◆ **WHAT YOU NEED TO DO**: Repeat everything in the data exactly except images.

◆ **COLLECTED MATERIAL**:
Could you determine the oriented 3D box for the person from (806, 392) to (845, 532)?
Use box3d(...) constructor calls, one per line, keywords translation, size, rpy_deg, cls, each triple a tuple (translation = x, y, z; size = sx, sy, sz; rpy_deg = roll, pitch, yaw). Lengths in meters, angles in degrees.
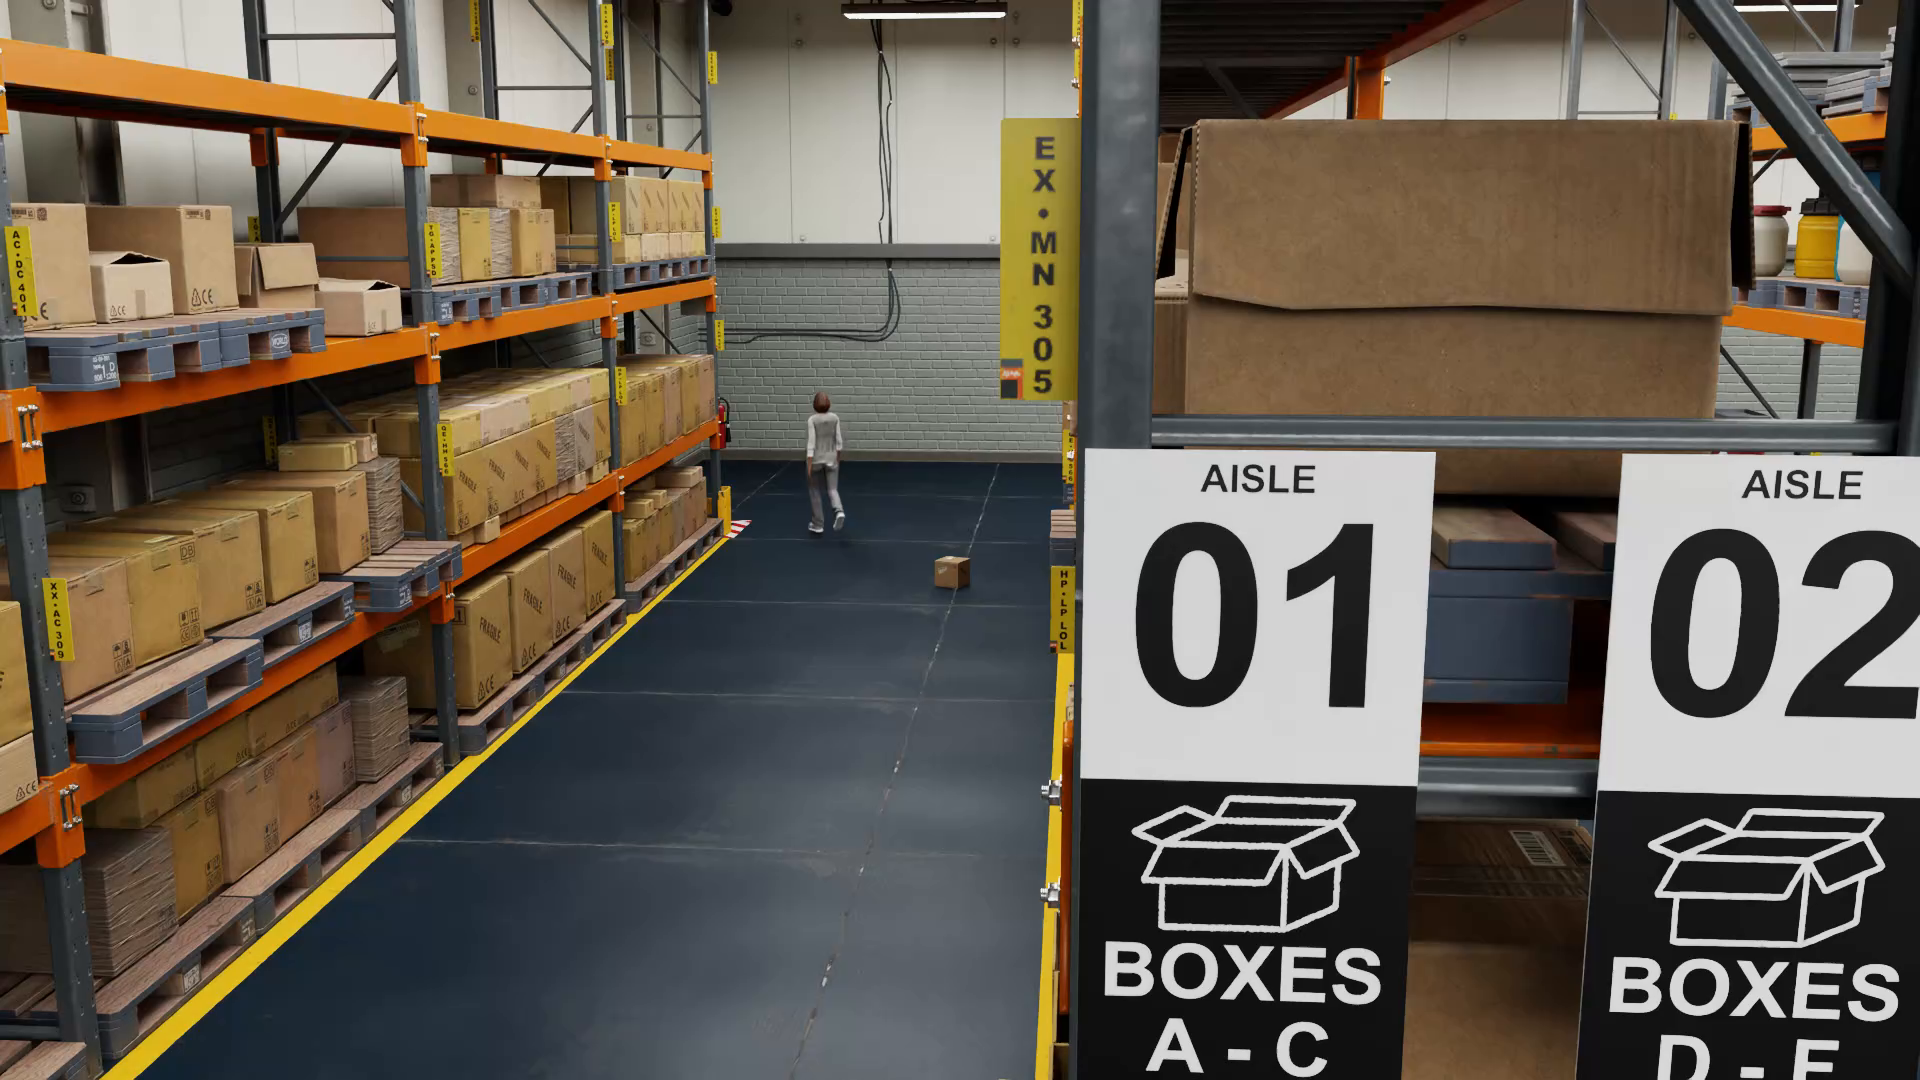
box3d(translation=(-1.479, -0.837, 18.214), size=(0.416, 1.568, 0.741), rpy_deg=(-4, 12, -22), cls="person")

◆ **ANSWER BELOW**:
Could you determine the oriented 3D box for the person from (806, 392) to (845, 532)?
Use box3d(...) constructor calls, one per line, keywords translation, size, rpy_deg, cls, each triple a tuple (translation = x, y, z; size = sx, sy, sz; rpy_deg = roll, pitch, yaw). Lengths in meters, angles in degrees.
box3d(translation=(-1.479, -0.837, 18.214), size=(0.416, 1.568, 0.741), rpy_deg=(-4, 12, -22), cls="person")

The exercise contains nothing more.